◆ **WORK ITEM**: Could you give the entries back exactly as they stand, minus any pictures?

◆ **LISTED ENTRIES**:

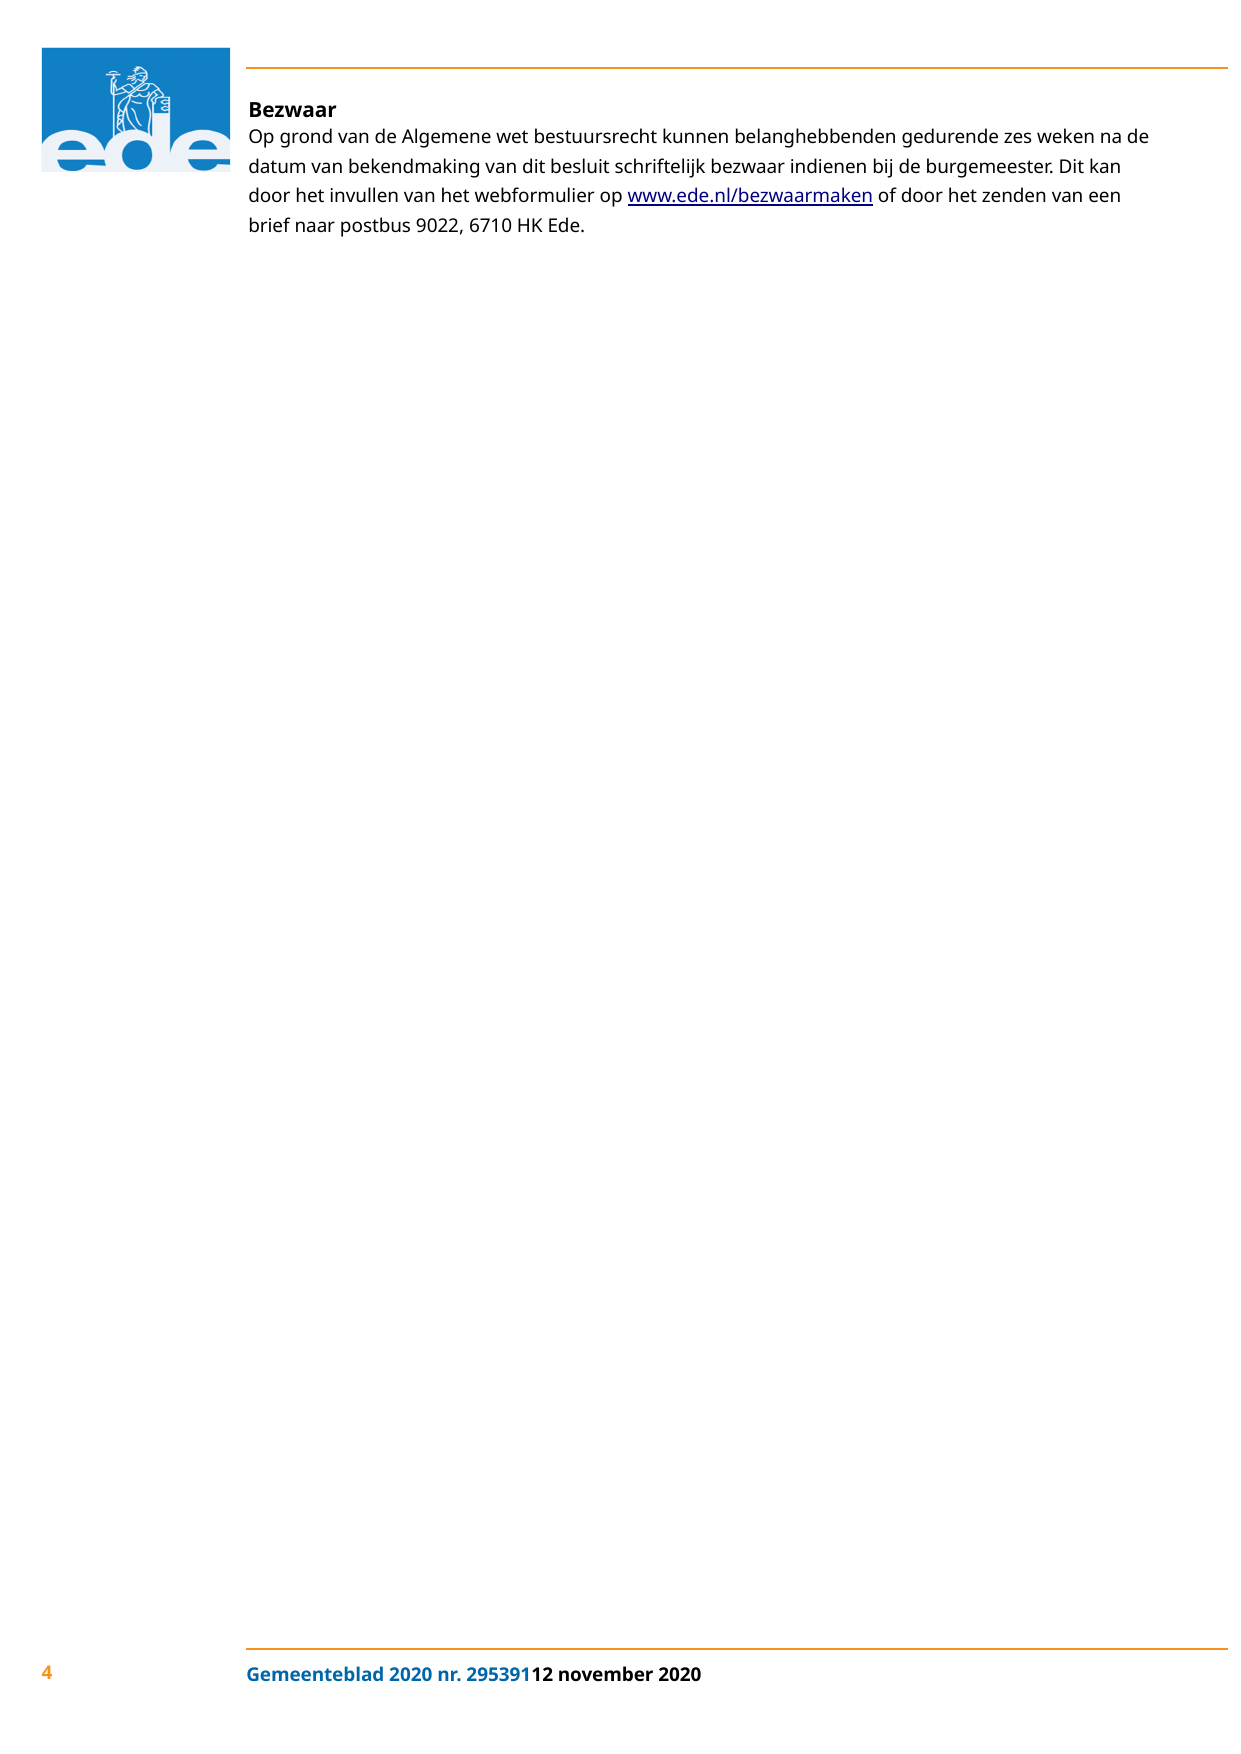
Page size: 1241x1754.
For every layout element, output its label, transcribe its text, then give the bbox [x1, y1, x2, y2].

text Bezwaar [248, 95, 1152, 123]
picture [41, 47, 231, 172]
text Op grond van de Algemene wet bestuursrecht kunnen belanghebbenden gedurende zes weken na de datum van bekendmaking van dit besluit schriftelijk bezwaar indienen bij de burgemeester. Dit kan door het invullen van het webformulier op www.ede.nl/bezwaarmaken of door het zenden van een brief naar postbus 9022, 6710 HK Ede. [248, 123, 1152, 238]

◆ **RESPONSE**:
Page size: 1241x1754.
For every layout element, output its label, transcribe its text, then give the bbox [x1, y1, x2, y2].

text Bezwaar [248, 95, 1152, 123]
picture [41, 47, 231, 172]
text Op grond van de Algemene wet bestuursrecht kunnen belanghebbenden gedurende zes weken na de datum van bekendmaking van dit besluit schriftelijk bezwaar indienen bij de burgemeester. Dit kan door het invullen van het webformulier op www.ede.nl/bezwaarmaken of door het zenden van een brief naar postbus 9022, 6710 HK Ede. [248, 123, 1152, 238]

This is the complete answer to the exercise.